Abstract
Background
Although double calcaneal osteotomy (medial displacement calcaneal osteotomy with lateral column lengthening) is widely regarded as an effective treatment option for flexible flatfoot, limited studies have extensively analyzed the degree of deformity correction in three dimensions following double calcaneal osteotomy. This study was performed to evaluate the radiographic and clinical effectiveness of double calcaneal osteotomy to correct flexible flatfoot deformities.
Methods
Thirty-one patients who had 44 symptomatic flexible flatfeet and underwent double calcaneal osteotomy were examined retrospectively with a mean follow-up of 50 months. Visual analog scale, foot and ankle activity measure, and other clinical data were obtained from medical records. Various radiographic variables for assessing flatfoot and osteoarthritic change in tarsal joints were analyzed from weightbearing radiographs.
Results
Clinical scores and radiographic variables were significantly improved postoperatively. The mean values of medial sliding and lateral lengthening were 7.6 and 8.7 mm, respectively. No osteoarthritic changes were observed.
Conclusions
Double calcaneal osteotomy could be used to correct flatfoot deformities effectively and sustainably and provide symptomatic relief and patient satisfaction.
Level of evidence
Level 4, retrospective case series.
Keywords: Adult acquired flatfoot deformity, Deformity correction, Lateral column lengthening, Medial displacement calcaneal osteotomy, Progressive collapsing foot deformity
Introduction
Various surgical procedures are currently performed to treat flatfoot deformities. For flexible deformities, medial displacement calcaneal osteotomy (MDCO) and lateral column lengthening (LCL) are the prevailing bony procedures [1–3].
MDCO is conducted to slide the calcaneal body medially and correct the heel valgus. However, the medial longitudinal arch cannot be easily restored using MDCO alone. Some reports have shown insufficient correction compared with lateral calcaneal lengthening [2, 4–7]. LCL is performed to elongate the lateral column of the foot and restore forefoot abduction and medial longitudinal arch. Other studies have described various side effects, including lateral-sided foot pain, stiffness, and calcaneocuboid joint (CCJ) arthritis, because of an increased joint reaction force of the lateral column [2, 4]. Although LCL is an efficient method to correct midfoot deformities, its ability to correct hindfoot deformities is insufficient compared with that of MDCO [5].

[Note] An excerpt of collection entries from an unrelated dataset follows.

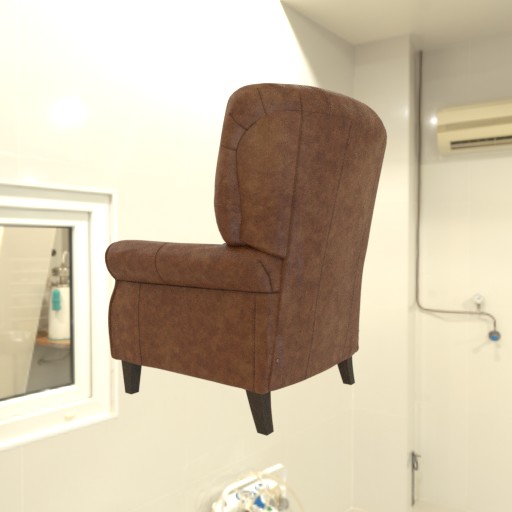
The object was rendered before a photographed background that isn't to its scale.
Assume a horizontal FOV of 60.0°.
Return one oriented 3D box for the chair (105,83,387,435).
[{"bbox_3d":[0.000,0.000,1.901,1.059,1.164,0.951,1,1,36],"label":"chair"}]
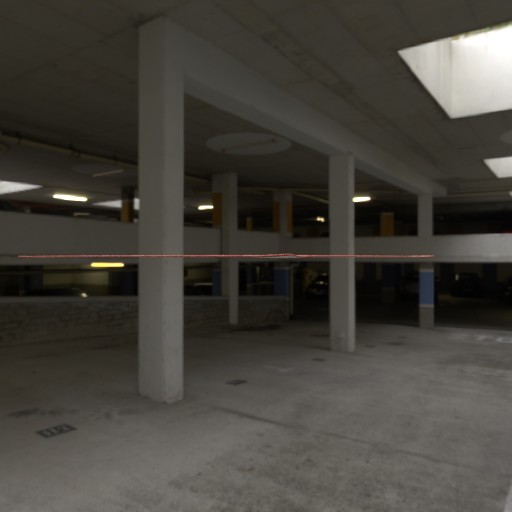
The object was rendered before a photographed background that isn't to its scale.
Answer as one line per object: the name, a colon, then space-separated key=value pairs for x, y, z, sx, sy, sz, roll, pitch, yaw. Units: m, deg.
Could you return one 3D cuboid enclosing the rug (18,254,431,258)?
rug: x=0.000 y=0.000 z=4.083 sx=2.489 sy=0.030 sz=3.086 roll=0 pitch=0 yaw=34
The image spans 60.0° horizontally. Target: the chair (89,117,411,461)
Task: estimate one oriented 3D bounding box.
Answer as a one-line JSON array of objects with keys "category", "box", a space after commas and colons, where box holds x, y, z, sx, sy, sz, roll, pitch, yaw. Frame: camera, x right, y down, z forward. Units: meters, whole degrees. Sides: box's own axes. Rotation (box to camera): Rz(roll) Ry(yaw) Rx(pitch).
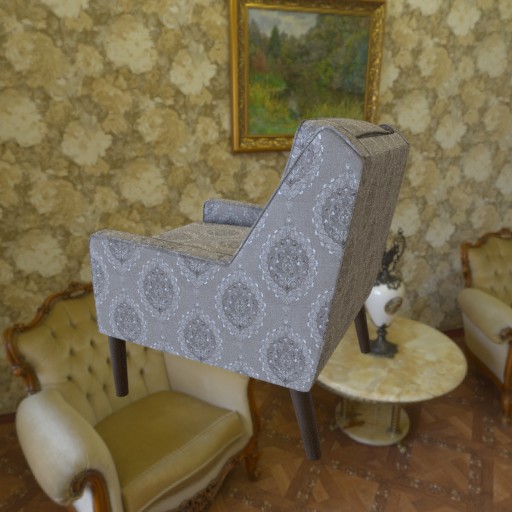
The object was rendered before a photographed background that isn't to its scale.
[{"category": "chair", "box": [0.000, 0.000, 1.338, 0.750, 0.797, 0.665, 8, 19, 25]}]
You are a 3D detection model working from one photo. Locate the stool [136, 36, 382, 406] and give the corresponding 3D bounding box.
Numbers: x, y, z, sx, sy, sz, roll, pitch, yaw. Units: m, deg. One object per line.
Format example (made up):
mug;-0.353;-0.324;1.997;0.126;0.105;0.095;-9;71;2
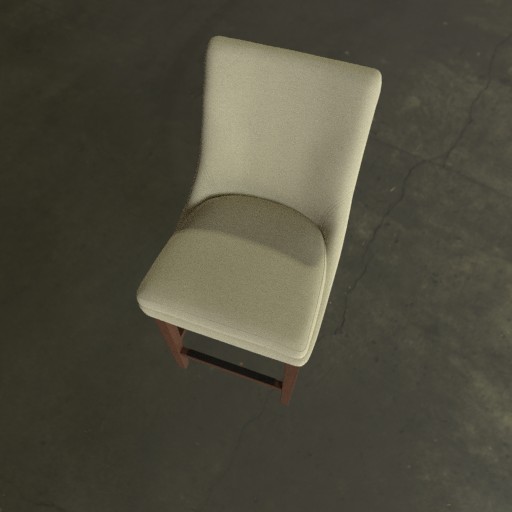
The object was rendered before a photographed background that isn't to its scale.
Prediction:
stool;0.000;0.000;1.295;0.470;0.981;0.577;17;60;10
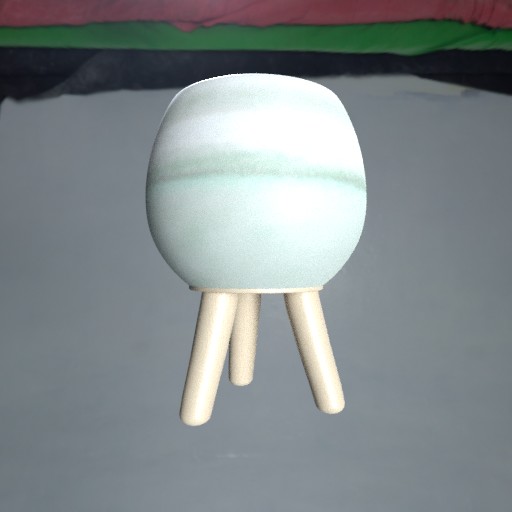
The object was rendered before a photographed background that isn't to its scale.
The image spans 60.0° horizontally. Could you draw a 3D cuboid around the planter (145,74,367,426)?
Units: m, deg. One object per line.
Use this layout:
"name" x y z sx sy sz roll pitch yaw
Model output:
"planter" 0.000 0.000 0.333 0.161 0.224 0.161 0 -1 0
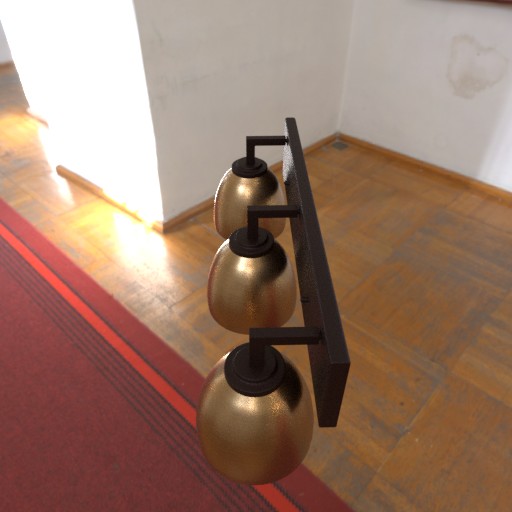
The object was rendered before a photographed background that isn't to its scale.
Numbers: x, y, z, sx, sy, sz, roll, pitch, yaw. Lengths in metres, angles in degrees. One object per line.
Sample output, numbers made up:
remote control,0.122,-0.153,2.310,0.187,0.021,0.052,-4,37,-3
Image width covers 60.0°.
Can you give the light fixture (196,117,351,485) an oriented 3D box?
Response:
light fixture,0.000,0.000,0.666,0.157,0.204,0.582,-1,40,-1
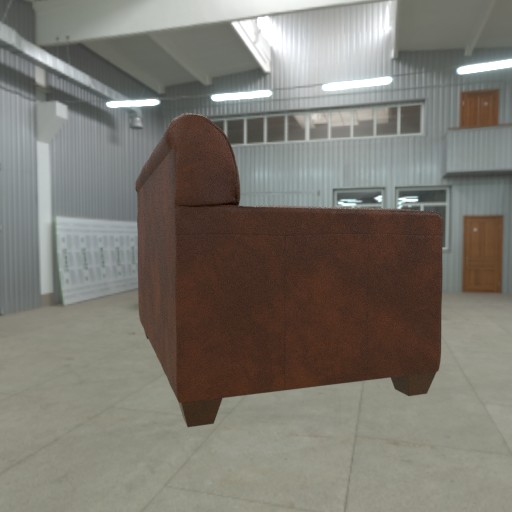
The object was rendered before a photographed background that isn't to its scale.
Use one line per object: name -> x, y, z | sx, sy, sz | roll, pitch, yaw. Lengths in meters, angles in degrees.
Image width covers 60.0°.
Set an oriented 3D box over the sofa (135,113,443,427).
sofa -> 0.000, 0.000, 2.058 | 1.000, 0.956, 1.413 | -1, 2, -19
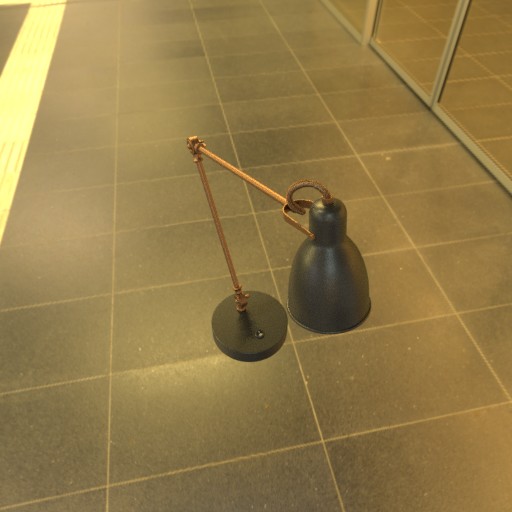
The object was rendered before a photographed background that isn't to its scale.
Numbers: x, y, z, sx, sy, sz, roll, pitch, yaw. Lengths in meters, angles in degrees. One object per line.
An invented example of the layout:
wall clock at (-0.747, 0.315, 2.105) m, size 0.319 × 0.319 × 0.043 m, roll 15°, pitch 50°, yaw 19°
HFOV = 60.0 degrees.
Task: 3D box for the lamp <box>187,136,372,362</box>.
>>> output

A flatfoot is a complex three-dimensional deformity. When surgical interventions, including MDCO or LCL, are performed independently, these three-dimensional deformities may be incompletely corrected. Consequently, a double calcaneal osteotomy has been proposed to resolve this issue by simultaneously performing both surgeries; it is an efficient procedure for correcting flatfoot deformities [8–10]. In addition, it not only reduces lateral column pressure but also possibly decreases the rates of CCJ arthritis [4, 8, 11]. However, limited studies have extensively analyzed the degree of deformity correction in three dimensions following double calcaneal osteotomy. Therefore, this study was performed to evaluate the effectiveness of double calcaneal osteotomy for flexible flatfoot deformities radiographically and clinically.
Patients and methods
Patients
This study was approved by our hospital’s institutional review board, and informed consent was obtained from all individuals participating in this study. Consecutive patients who were unresponsive to conservative treatments for at least 6 months and who underwent double calcaneal osteotomy in our hospital from January 2011 to December 2022 were included. Because most symptomatic flatfoot patients presented with both forefoot abduction and hindfoot valgus deformities, we routinely performed double calcaneal osteotomy. Patients with a follow-up period of < 2 years, post-traumatic flatfoot, neurological disease, congenital abnormalities, and other medical conditions that affected foot alignment were excluded. Thus, 31 patients with 44 symptomatic flexible flatfeet were enrolled in this study.
Clinical evaluations
The patients’ subjective satisfaction with the surgery, visual analog scale (VAS) score, and foot and ankle activity measure (FAAM) were obtained by reviewing medical records before and after the operation. The degrees of ankle joint dorsiflexion, plantarflexion, inversion, and eversion were also recorded.
Radiologic evaluations
Weightbearing radiographs, including anteroposterior and lateral views of the foot and hindfoot alignment views, were obtained. Several variables of foot alignment were measured at three time points: preoperatively, 3 months postoperatively, and final follow-up. On the anteroposterior radiographs, the talonavicular coverage angle (TNCA) and anteroposterior talo-first metatarsal angle (AP-TMT) were measured. On the lateral radiographs, the calcaneal pitch angle (CPA), lateral talocalcaneal angle (L-TCA), and lateral talo-first metatarsal angle (L-TMT) were determined. On the hindfoot alignment views, the hindfoot alignment angle (HAA) and hindfoot moment arm (HMA) were measured [12]. The radiographic variables were measured twice by two orthopedic surgeons at a 2-week interval, and the average of four measurements was used. The tarsal joints were analyzed at each time point and graded for osteoarthritis according to the Kellgren and Lawrence classification system.
Surgical techniques
A double calcaneal osteotomy was performed, beginning with MDCO, followed by LCL. If necessary, the heel cord was lengthened. Other than heel cord lengthening, no additional soft tissue procedures were performed, due to the relatively young age of the patients and the lack of significant pathology in the medial soft tissue structures or the posterior tibial tendon that necessitates additional procedures.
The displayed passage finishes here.